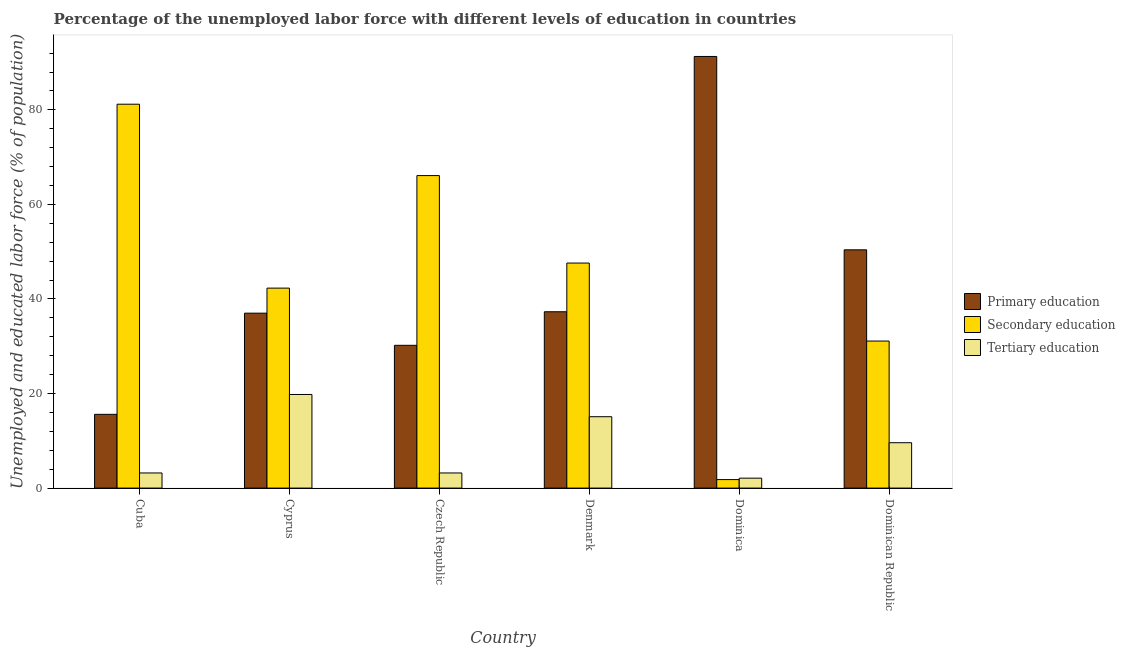Are the number of bars per tick equal to the number of legend labels?
Offer a terse response. Yes. How many bars are there on the 2nd tick from the right?
Offer a terse response. 3. What is the label of the 1st group of bars from the left?
Provide a succinct answer. Cuba. In how many cases, is the number of bars for a given country not equal to the number of legend labels?
Make the answer very short. 0. What is the percentage of labor force who received secondary education in Czech Republic?
Ensure brevity in your answer.  66.1. Across all countries, what is the maximum percentage of labor force who received primary education?
Provide a short and direct response. 91.3. Across all countries, what is the minimum percentage of labor force who received tertiary education?
Give a very brief answer. 2.1. In which country was the percentage of labor force who received secondary education maximum?
Keep it short and to the point. Cuba. In which country was the percentage of labor force who received primary education minimum?
Offer a terse response. Cuba. What is the total percentage of labor force who received secondary education in the graph?
Give a very brief answer. 270.1. What is the difference between the percentage of labor force who received primary education in Denmark and that in Dominica?
Make the answer very short. -54. What is the difference between the percentage of labor force who received tertiary education in Cyprus and the percentage of labor force who received secondary education in Czech Republic?
Give a very brief answer. -46.3. What is the average percentage of labor force who received primary education per country?
Your answer should be compact. 43.63. What is the difference between the percentage of labor force who received primary education and percentage of labor force who received tertiary education in Czech Republic?
Give a very brief answer. 27. What is the ratio of the percentage of labor force who received tertiary education in Cyprus to that in Dominican Republic?
Ensure brevity in your answer.  2.06. What is the difference between the highest and the second highest percentage of labor force who received secondary education?
Make the answer very short. 15.1. What is the difference between the highest and the lowest percentage of labor force who received primary education?
Keep it short and to the point. 75.7. In how many countries, is the percentage of labor force who received secondary education greater than the average percentage of labor force who received secondary education taken over all countries?
Ensure brevity in your answer.  3. What does the 2nd bar from the left in Cuba represents?
Keep it short and to the point. Secondary education. What is the difference between two consecutive major ticks on the Y-axis?
Give a very brief answer. 20. Does the graph contain any zero values?
Give a very brief answer. No. Does the graph contain grids?
Your answer should be very brief. No. Where does the legend appear in the graph?
Your answer should be compact. Center right. How many legend labels are there?
Provide a succinct answer. 3. What is the title of the graph?
Provide a short and direct response. Percentage of the unemployed labor force with different levels of education in countries. What is the label or title of the Y-axis?
Ensure brevity in your answer.  Unemployed and educated labor force (% of population). What is the Unemployed and educated labor force (% of population) of Primary education in Cuba?
Provide a short and direct response. 15.6. What is the Unemployed and educated labor force (% of population) in Secondary education in Cuba?
Provide a short and direct response. 81.2. What is the Unemployed and educated labor force (% of population) of Tertiary education in Cuba?
Make the answer very short. 3.2. What is the Unemployed and educated labor force (% of population) in Primary education in Cyprus?
Keep it short and to the point. 37. What is the Unemployed and educated labor force (% of population) in Secondary education in Cyprus?
Offer a very short reply. 42.3. What is the Unemployed and educated labor force (% of population) in Tertiary education in Cyprus?
Provide a short and direct response. 19.8. What is the Unemployed and educated labor force (% of population) of Primary education in Czech Republic?
Ensure brevity in your answer.  30.2. What is the Unemployed and educated labor force (% of population) of Secondary education in Czech Republic?
Your answer should be compact. 66.1. What is the Unemployed and educated labor force (% of population) in Tertiary education in Czech Republic?
Your answer should be compact. 3.2. What is the Unemployed and educated labor force (% of population) in Primary education in Denmark?
Give a very brief answer. 37.3. What is the Unemployed and educated labor force (% of population) in Secondary education in Denmark?
Provide a short and direct response. 47.6. What is the Unemployed and educated labor force (% of population) in Tertiary education in Denmark?
Offer a terse response. 15.1. What is the Unemployed and educated labor force (% of population) in Primary education in Dominica?
Offer a very short reply. 91.3. What is the Unemployed and educated labor force (% of population) of Secondary education in Dominica?
Your answer should be compact. 1.8. What is the Unemployed and educated labor force (% of population) in Tertiary education in Dominica?
Your response must be concise. 2.1. What is the Unemployed and educated labor force (% of population) of Primary education in Dominican Republic?
Give a very brief answer. 50.4. What is the Unemployed and educated labor force (% of population) in Secondary education in Dominican Republic?
Provide a short and direct response. 31.1. What is the Unemployed and educated labor force (% of population) of Tertiary education in Dominican Republic?
Offer a terse response. 9.6. Across all countries, what is the maximum Unemployed and educated labor force (% of population) of Primary education?
Ensure brevity in your answer.  91.3. Across all countries, what is the maximum Unemployed and educated labor force (% of population) of Secondary education?
Offer a terse response. 81.2. Across all countries, what is the maximum Unemployed and educated labor force (% of population) of Tertiary education?
Ensure brevity in your answer.  19.8. Across all countries, what is the minimum Unemployed and educated labor force (% of population) in Primary education?
Your response must be concise. 15.6. Across all countries, what is the minimum Unemployed and educated labor force (% of population) of Secondary education?
Your answer should be compact. 1.8. Across all countries, what is the minimum Unemployed and educated labor force (% of population) in Tertiary education?
Provide a short and direct response. 2.1. What is the total Unemployed and educated labor force (% of population) of Primary education in the graph?
Ensure brevity in your answer.  261.8. What is the total Unemployed and educated labor force (% of population) in Secondary education in the graph?
Your response must be concise. 270.1. What is the total Unemployed and educated labor force (% of population) of Tertiary education in the graph?
Ensure brevity in your answer.  53. What is the difference between the Unemployed and educated labor force (% of population) in Primary education in Cuba and that in Cyprus?
Make the answer very short. -21.4. What is the difference between the Unemployed and educated labor force (% of population) in Secondary education in Cuba and that in Cyprus?
Offer a terse response. 38.9. What is the difference between the Unemployed and educated labor force (% of population) in Tertiary education in Cuba and that in Cyprus?
Your answer should be compact. -16.6. What is the difference between the Unemployed and educated labor force (% of population) in Primary education in Cuba and that in Czech Republic?
Ensure brevity in your answer.  -14.6. What is the difference between the Unemployed and educated labor force (% of population) of Tertiary education in Cuba and that in Czech Republic?
Offer a terse response. 0. What is the difference between the Unemployed and educated labor force (% of population) in Primary education in Cuba and that in Denmark?
Give a very brief answer. -21.7. What is the difference between the Unemployed and educated labor force (% of population) of Secondary education in Cuba and that in Denmark?
Offer a terse response. 33.6. What is the difference between the Unemployed and educated labor force (% of population) in Tertiary education in Cuba and that in Denmark?
Your answer should be compact. -11.9. What is the difference between the Unemployed and educated labor force (% of population) in Primary education in Cuba and that in Dominica?
Make the answer very short. -75.7. What is the difference between the Unemployed and educated labor force (% of population) of Secondary education in Cuba and that in Dominica?
Give a very brief answer. 79.4. What is the difference between the Unemployed and educated labor force (% of population) in Primary education in Cuba and that in Dominican Republic?
Your answer should be compact. -34.8. What is the difference between the Unemployed and educated labor force (% of population) in Secondary education in Cuba and that in Dominican Republic?
Provide a succinct answer. 50.1. What is the difference between the Unemployed and educated labor force (% of population) in Tertiary education in Cuba and that in Dominican Republic?
Provide a short and direct response. -6.4. What is the difference between the Unemployed and educated labor force (% of population) in Secondary education in Cyprus and that in Czech Republic?
Your answer should be compact. -23.8. What is the difference between the Unemployed and educated labor force (% of population) in Tertiary education in Cyprus and that in Czech Republic?
Your answer should be very brief. 16.6. What is the difference between the Unemployed and educated labor force (% of population) of Primary education in Cyprus and that in Denmark?
Keep it short and to the point. -0.3. What is the difference between the Unemployed and educated labor force (% of population) of Tertiary education in Cyprus and that in Denmark?
Keep it short and to the point. 4.7. What is the difference between the Unemployed and educated labor force (% of population) of Primary education in Cyprus and that in Dominica?
Keep it short and to the point. -54.3. What is the difference between the Unemployed and educated labor force (% of population) in Secondary education in Cyprus and that in Dominica?
Keep it short and to the point. 40.5. What is the difference between the Unemployed and educated labor force (% of population) in Tertiary education in Cyprus and that in Dominica?
Your response must be concise. 17.7. What is the difference between the Unemployed and educated labor force (% of population) of Tertiary education in Cyprus and that in Dominican Republic?
Provide a short and direct response. 10.2. What is the difference between the Unemployed and educated labor force (% of population) of Primary education in Czech Republic and that in Denmark?
Provide a succinct answer. -7.1. What is the difference between the Unemployed and educated labor force (% of population) in Primary education in Czech Republic and that in Dominica?
Keep it short and to the point. -61.1. What is the difference between the Unemployed and educated labor force (% of population) in Secondary education in Czech Republic and that in Dominica?
Your answer should be compact. 64.3. What is the difference between the Unemployed and educated labor force (% of population) in Primary education in Czech Republic and that in Dominican Republic?
Your response must be concise. -20.2. What is the difference between the Unemployed and educated labor force (% of population) of Secondary education in Czech Republic and that in Dominican Republic?
Ensure brevity in your answer.  35. What is the difference between the Unemployed and educated labor force (% of population) of Tertiary education in Czech Republic and that in Dominican Republic?
Your answer should be compact. -6.4. What is the difference between the Unemployed and educated labor force (% of population) in Primary education in Denmark and that in Dominica?
Your response must be concise. -54. What is the difference between the Unemployed and educated labor force (% of population) of Secondary education in Denmark and that in Dominica?
Offer a very short reply. 45.8. What is the difference between the Unemployed and educated labor force (% of population) in Tertiary education in Denmark and that in Dominica?
Make the answer very short. 13. What is the difference between the Unemployed and educated labor force (% of population) of Secondary education in Denmark and that in Dominican Republic?
Provide a succinct answer. 16.5. What is the difference between the Unemployed and educated labor force (% of population) of Primary education in Dominica and that in Dominican Republic?
Keep it short and to the point. 40.9. What is the difference between the Unemployed and educated labor force (% of population) in Secondary education in Dominica and that in Dominican Republic?
Keep it short and to the point. -29.3. What is the difference between the Unemployed and educated labor force (% of population) in Primary education in Cuba and the Unemployed and educated labor force (% of population) in Secondary education in Cyprus?
Make the answer very short. -26.7. What is the difference between the Unemployed and educated labor force (% of population) in Secondary education in Cuba and the Unemployed and educated labor force (% of population) in Tertiary education in Cyprus?
Provide a succinct answer. 61.4. What is the difference between the Unemployed and educated labor force (% of population) of Primary education in Cuba and the Unemployed and educated labor force (% of population) of Secondary education in Czech Republic?
Keep it short and to the point. -50.5. What is the difference between the Unemployed and educated labor force (% of population) in Primary education in Cuba and the Unemployed and educated labor force (% of population) in Tertiary education in Czech Republic?
Offer a terse response. 12.4. What is the difference between the Unemployed and educated labor force (% of population) in Secondary education in Cuba and the Unemployed and educated labor force (% of population) in Tertiary education in Czech Republic?
Make the answer very short. 78. What is the difference between the Unemployed and educated labor force (% of population) in Primary education in Cuba and the Unemployed and educated labor force (% of population) in Secondary education in Denmark?
Your answer should be compact. -32. What is the difference between the Unemployed and educated labor force (% of population) of Secondary education in Cuba and the Unemployed and educated labor force (% of population) of Tertiary education in Denmark?
Ensure brevity in your answer.  66.1. What is the difference between the Unemployed and educated labor force (% of population) in Primary education in Cuba and the Unemployed and educated labor force (% of population) in Tertiary education in Dominica?
Ensure brevity in your answer.  13.5. What is the difference between the Unemployed and educated labor force (% of population) in Secondary education in Cuba and the Unemployed and educated labor force (% of population) in Tertiary education in Dominica?
Offer a terse response. 79.1. What is the difference between the Unemployed and educated labor force (% of population) in Primary education in Cuba and the Unemployed and educated labor force (% of population) in Secondary education in Dominican Republic?
Make the answer very short. -15.5. What is the difference between the Unemployed and educated labor force (% of population) in Primary education in Cuba and the Unemployed and educated labor force (% of population) in Tertiary education in Dominican Republic?
Give a very brief answer. 6. What is the difference between the Unemployed and educated labor force (% of population) in Secondary education in Cuba and the Unemployed and educated labor force (% of population) in Tertiary education in Dominican Republic?
Keep it short and to the point. 71.6. What is the difference between the Unemployed and educated labor force (% of population) in Primary education in Cyprus and the Unemployed and educated labor force (% of population) in Secondary education in Czech Republic?
Keep it short and to the point. -29.1. What is the difference between the Unemployed and educated labor force (% of population) of Primary education in Cyprus and the Unemployed and educated labor force (% of population) of Tertiary education in Czech Republic?
Offer a terse response. 33.8. What is the difference between the Unemployed and educated labor force (% of population) of Secondary education in Cyprus and the Unemployed and educated labor force (% of population) of Tertiary education in Czech Republic?
Your response must be concise. 39.1. What is the difference between the Unemployed and educated labor force (% of population) of Primary education in Cyprus and the Unemployed and educated labor force (% of population) of Tertiary education in Denmark?
Offer a very short reply. 21.9. What is the difference between the Unemployed and educated labor force (% of population) of Secondary education in Cyprus and the Unemployed and educated labor force (% of population) of Tertiary education in Denmark?
Give a very brief answer. 27.2. What is the difference between the Unemployed and educated labor force (% of population) of Primary education in Cyprus and the Unemployed and educated labor force (% of population) of Secondary education in Dominica?
Offer a terse response. 35.2. What is the difference between the Unemployed and educated labor force (% of population) in Primary education in Cyprus and the Unemployed and educated labor force (% of population) in Tertiary education in Dominica?
Give a very brief answer. 34.9. What is the difference between the Unemployed and educated labor force (% of population) of Secondary education in Cyprus and the Unemployed and educated labor force (% of population) of Tertiary education in Dominica?
Offer a very short reply. 40.2. What is the difference between the Unemployed and educated labor force (% of population) of Primary education in Cyprus and the Unemployed and educated labor force (% of population) of Tertiary education in Dominican Republic?
Your answer should be very brief. 27.4. What is the difference between the Unemployed and educated labor force (% of population) of Secondary education in Cyprus and the Unemployed and educated labor force (% of population) of Tertiary education in Dominican Republic?
Your answer should be very brief. 32.7. What is the difference between the Unemployed and educated labor force (% of population) of Primary education in Czech Republic and the Unemployed and educated labor force (% of population) of Secondary education in Denmark?
Provide a short and direct response. -17.4. What is the difference between the Unemployed and educated labor force (% of population) of Primary education in Czech Republic and the Unemployed and educated labor force (% of population) of Secondary education in Dominica?
Provide a short and direct response. 28.4. What is the difference between the Unemployed and educated labor force (% of population) of Primary education in Czech Republic and the Unemployed and educated labor force (% of population) of Tertiary education in Dominica?
Your answer should be compact. 28.1. What is the difference between the Unemployed and educated labor force (% of population) in Secondary education in Czech Republic and the Unemployed and educated labor force (% of population) in Tertiary education in Dominica?
Offer a terse response. 64. What is the difference between the Unemployed and educated labor force (% of population) of Primary education in Czech Republic and the Unemployed and educated labor force (% of population) of Tertiary education in Dominican Republic?
Your answer should be compact. 20.6. What is the difference between the Unemployed and educated labor force (% of population) of Secondary education in Czech Republic and the Unemployed and educated labor force (% of population) of Tertiary education in Dominican Republic?
Offer a terse response. 56.5. What is the difference between the Unemployed and educated labor force (% of population) in Primary education in Denmark and the Unemployed and educated labor force (% of population) in Secondary education in Dominica?
Give a very brief answer. 35.5. What is the difference between the Unemployed and educated labor force (% of population) of Primary education in Denmark and the Unemployed and educated labor force (% of population) of Tertiary education in Dominica?
Provide a short and direct response. 35.2. What is the difference between the Unemployed and educated labor force (% of population) in Secondary education in Denmark and the Unemployed and educated labor force (% of population) in Tertiary education in Dominica?
Provide a short and direct response. 45.5. What is the difference between the Unemployed and educated labor force (% of population) of Primary education in Denmark and the Unemployed and educated labor force (% of population) of Secondary education in Dominican Republic?
Make the answer very short. 6.2. What is the difference between the Unemployed and educated labor force (% of population) in Primary education in Denmark and the Unemployed and educated labor force (% of population) in Tertiary education in Dominican Republic?
Your answer should be compact. 27.7. What is the difference between the Unemployed and educated labor force (% of population) of Secondary education in Denmark and the Unemployed and educated labor force (% of population) of Tertiary education in Dominican Republic?
Keep it short and to the point. 38. What is the difference between the Unemployed and educated labor force (% of population) of Primary education in Dominica and the Unemployed and educated labor force (% of population) of Secondary education in Dominican Republic?
Provide a short and direct response. 60.2. What is the difference between the Unemployed and educated labor force (% of population) in Primary education in Dominica and the Unemployed and educated labor force (% of population) in Tertiary education in Dominican Republic?
Your answer should be compact. 81.7. What is the difference between the Unemployed and educated labor force (% of population) of Secondary education in Dominica and the Unemployed and educated labor force (% of population) of Tertiary education in Dominican Republic?
Provide a short and direct response. -7.8. What is the average Unemployed and educated labor force (% of population) in Primary education per country?
Give a very brief answer. 43.63. What is the average Unemployed and educated labor force (% of population) of Secondary education per country?
Your answer should be compact. 45.02. What is the average Unemployed and educated labor force (% of population) of Tertiary education per country?
Give a very brief answer. 8.83. What is the difference between the Unemployed and educated labor force (% of population) of Primary education and Unemployed and educated labor force (% of population) of Secondary education in Cuba?
Give a very brief answer. -65.6. What is the difference between the Unemployed and educated labor force (% of population) in Primary education and Unemployed and educated labor force (% of population) in Tertiary education in Cuba?
Offer a terse response. 12.4. What is the difference between the Unemployed and educated labor force (% of population) of Primary education and Unemployed and educated labor force (% of population) of Secondary education in Cyprus?
Your answer should be very brief. -5.3. What is the difference between the Unemployed and educated labor force (% of population) of Primary education and Unemployed and educated labor force (% of population) of Tertiary education in Cyprus?
Ensure brevity in your answer.  17.2. What is the difference between the Unemployed and educated labor force (% of population) in Secondary education and Unemployed and educated labor force (% of population) in Tertiary education in Cyprus?
Your answer should be very brief. 22.5. What is the difference between the Unemployed and educated labor force (% of population) in Primary education and Unemployed and educated labor force (% of population) in Secondary education in Czech Republic?
Provide a short and direct response. -35.9. What is the difference between the Unemployed and educated labor force (% of population) of Secondary education and Unemployed and educated labor force (% of population) of Tertiary education in Czech Republic?
Provide a short and direct response. 62.9. What is the difference between the Unemployed and educated labor force (% of population) of Primary education and Unemployed and educated labor force (% of population) of Secondary education in Denmark?
Provide a short and direct response. -10.3. What is the difference between the Unemployed and educated labor force (% of population) in Primary education and Unemployed and educated labor force (% of population) in Tertiary education in Denmark?
Offer a terse response. 22.2. What is the difference between the Unemployed and educated labor force (% of population) in Secondary education and Unemployed and educated labor force (% of population) in Tertiary education in Denmark?
Your response must be concise. 32.5. What is the difference between the Unemployed and educated labor force (% of population) of Primary education and Unemployed and educated labor force (% of population) of Secondary education in Dominica?
Provide a succinct answer. 89.5. What is the difference between the Unemployed and educated labor force (% of population) of Primary education and Unemployed and educated labor force (% of population) of Tertiary education in Dominica?
Offer a very short reply. 89.2. What is the difference between the Unemployed and educated labor force (% of population) in Secondary education and Unemployed and educated labor force (% of population) in Tertiary education in Dominica?
Your response must be concise. -0.3. What is the difference between the Unemployed and educated labor force (% of population) of Primary education and Unemployed and educated labor force (% of population) of Secondary education in Dominican Republic?
Keep it short and to the point. 19.3. What is the difference between the Unemployed and educated labor force (% of population) in Primary education and Unemployed and educated labor force (% of population) in Tertiary education in Dominican Republic?
Provide a short and direct response. 40.8. What is the difference between the Unemployed and educated labor force (% of population) of Secondary education and Unemployed and educated labor force (% of population) of Tertiary education in Dominican Republic?
Give a very brief answer. 21.5. What is the ratio of the Unemployed and educated labor force (% of population) in Primary education in Cuba to that in Cyprus?
Provide a short and direct response. 0.42. What is the ratio of the Unemployed and educated labor force (% of population) of Secondary education in Cuba to that in Cyprus?
Give a very brief answer. 1.92. What is the ratio of the Unemployed and educated labor force (% of population) of Tertiary education in Cuba to that in Cyprus?
Give a very brief answer. 0.16. What is the ratio of the Unemployed and educated labor force (% of population) in Primary education in Cuba to that in Czech Republic?
Your answer should be compact. 0.52. What is the ratio of the Unemployed and educated labor force (% of population) in Secondary education in Cuba to that in Czech Republic?
Your answer should be compact. 1.23. What is the ratio of the Unemployed and educated labor force (% of population) of Primary education in Cuba to that in Denmark?
Give a very brief answer. 0.42. What is the ratio of the Unemployed and educated labor force (% of population) in Secondary education in Cuba to that in Denmark?
Make the answer very short. 1.71. What is the ratio of the Unemployed and educated labor force (% of population) of Tertiary education in Cuba to that in Denmark?
Keep it short and to the point. 0.21. What is the ratio of the Unemployed and educated labor force (% of population) in Primary education in Cuba to that in Dominica?
Provide a succinct answer. 0.17. What is the ratio of the Unemployed and educated labor force (% of population) of Secondary education in Cuba to that in Dominica?
Your response must be concise. 45.11. What is the ratio of the Unemployed and educated labor force (% of population) in Tertiary education in Cuba to that in Dominica?
Provide a succinct answer. 1.52. What is the ratio of the Unemployed and educated labor force (% of population) in Primary education in Cuba to that in Dominican Republic?
Give a very brief answer. 0.31. What is the ratio of the Unemployed and educated labor force (% of population) in Secondary education in Cuba to that in Dominican Republic?
Provide a succinct answer. 2.61. What is the ratio of the Unemployed and educated labor force (% of population) in Primary education in Cyprus to that in Czech Republic?
Provide a succinct answer. 1.23. What is the ratio of the Unemployed and educated labor force (% of population) of Secondary education in Cyprus to that in Czech Republic?
Your answer should be compact. 0.64. What is the ratio of the Unemployed and educated labor force (% of population) in Tertiary education in Cyprus to that in Czech Republic?
Keep it short and to the point. 6.19. What is the ratio of the Unemployed and educated labor force (% of population) in Secondary education in Cyprus to that in Denmark?
Ensure brevity in your answer.  0.89. What is the ratio of the Unemployed and educated labor force (% of population) in Tertiary education in Cyprus to that in Denmark?
Offer a terse response. 1.31. What is the ratio of the Unemployed and educated labor force (% of population) in Primary education in Cyprus to that in Dominica?
Your answer should be compact. 0.41. What is the ratio of the Unemployed and educated labor force (% of population) of Tertiary education in Cyprus to that in Dominica?
Provide a succinct answer. 9.43. What is the ratio of the Unemployed and educated labor force (% of population) in Primary education in Cyprus to that in Dominican Republic?
Offer a terse response. 0.73. What is the ratio of the Unemployed and educated labor force (% of population) of Secondary education in Cyprus to that in Dominican Republic?
Provide a short and direct response. 1.36. What is the ratio of the Unemployed and educated labor force (% of population) in Tertiary education in Cyprus to that in Dominican Republic?
Keep it short and to the point. 2.06. What is the ratio of the Unemployed and educated labor force (% of population) of Primary education in Czech Republic to that in Denmark?
Offer a terse response. 0.81. What is the ratio of the Unemployed and educated labor force (% of population) in Secondary education in Czech Republic to that in Denmark?
Your answer should be very brief. 1.39. What is the ratio of the Unemployed and educated labor force (% of population) in Tertiary education in Czech Republic to that in Denmark?
Offer a terse response. 0.21. What is the ratio of the Unemployed and educated labor force (% of population) in Primary education in Czech Republic to that in Dominica?
Keep it short and to the point. 0.33. What is the ratio of the Unemployed and educated labor force (% of population) in Secondary education in Czech Republic to that in Dominica?
Provide a succinct answer. 36.72. What is the ratio of the Unemployed and educated labor force (% of population) in Tertiary education in Czech Republic to that in Dominica?
Your answer should be very brief. 1.52. What is the ratio of the Unemployed and educated labor force (% of population) in Primary education in Czech Republic to that in Dominican Republic?
Make the answer very short. 0.6. What is the ratio of the Unemployed and educated labor force (% of population) in Secondary education in Czech Republic to that in Dominican Republic?
Ensure brevity in your answer.  2.13. What is the ratio of the Unemployed and educated labor force (% of population) in Tertiary education in Czech Republic to that in Dominican Republic?
Offer a very short reply. 0.33. What is the ratio of the Unemployed and educated labor force (% of population) of Primary education in Denmark to that in Dominica?
Ensure brevity in your answer.  0.41. What is the ratio of the Unemployed and educated labor force (% of population) in Secondary education in Denmark to that in Dominica?
Your response must be concise. 26.44. What is the ratio of the Unemployed and educated labor force (% of population) in Tertiary education in Denmark to that in Dominica?
Your answer should be very brief. 7.19. What is the ratio of the Unemployed and educated labor force (% of population) in Primary education in Denmark to that in Dominican Republic?
Your answer should be very brief. 0.74. What is the ratio of the Unemployed and educated labor force (% of population) in Secondary education in Denmark to that in Dominican Republic?
Your answer should be very brief. 1.53. What is the ratio of the Unemployed and educated labor force (% of population) in Tertiary education in Denmark to that in Dominican Republic?
Give a very brief answer. 1.57. What is the ratio of the Unemployed and educated labor force (% of population) of Primary education in Dominica to that in Dominican Republic?
Your answer should be compact. 1.81. What is the ratio of the Unemployed and educated labor force (% of population) of Secondary education in Dominica to that in Dominican Republic?
Offer a terse response. 0.06. What is the ratio of the Unemployed and educated labor force (% of population) of Tertiary education in Dominica to that in Dominican Republic?
Provide a short and direct response. 0.22. What is the difference between the highest and the second highest Unemployed and educated labor force (% of population) of Primary education?
Keep it short and to the point. 40.9. What is the difference between the highest and the lowest Unemployed and educated labor force (% of population) in Primary education?
Provide a succinct answer. 75.7. What is the difference between the highest and the lowest Unemployed and educated labor force (% of population) in Secondary education?
Provide a succinct answer. 79.4. What is the difference between the highest and the lowest Unemployed and educated labor force (% of population) in Tertiary education?
Make the answer very short. 17.7.

**GOAL OF THE EXERCISE**
Of the entries above, repeat exactly the lines from the line with "Offer a terse response. 0.21." through the line with "Provide a succinct answer. 36.72.", both of them included.

**SOLUTION BELOW**
Offer a terse response. 0.21. What is the ratio of the Unemployed and educated labor force (% of population) in Primary education in Czech Republic to that in Dominica?
Keep it short and to the point. 0.33. What is the ratio of the Unemployed and educated labor force (% of population) in Secondary education in Czech Republic to that in Dominica?
Provide a succinct answer. 36.72. What is the ratio of the Unemployed and educated labor force (% of population) in Tertiary education in Czech Republic to that in Dominica?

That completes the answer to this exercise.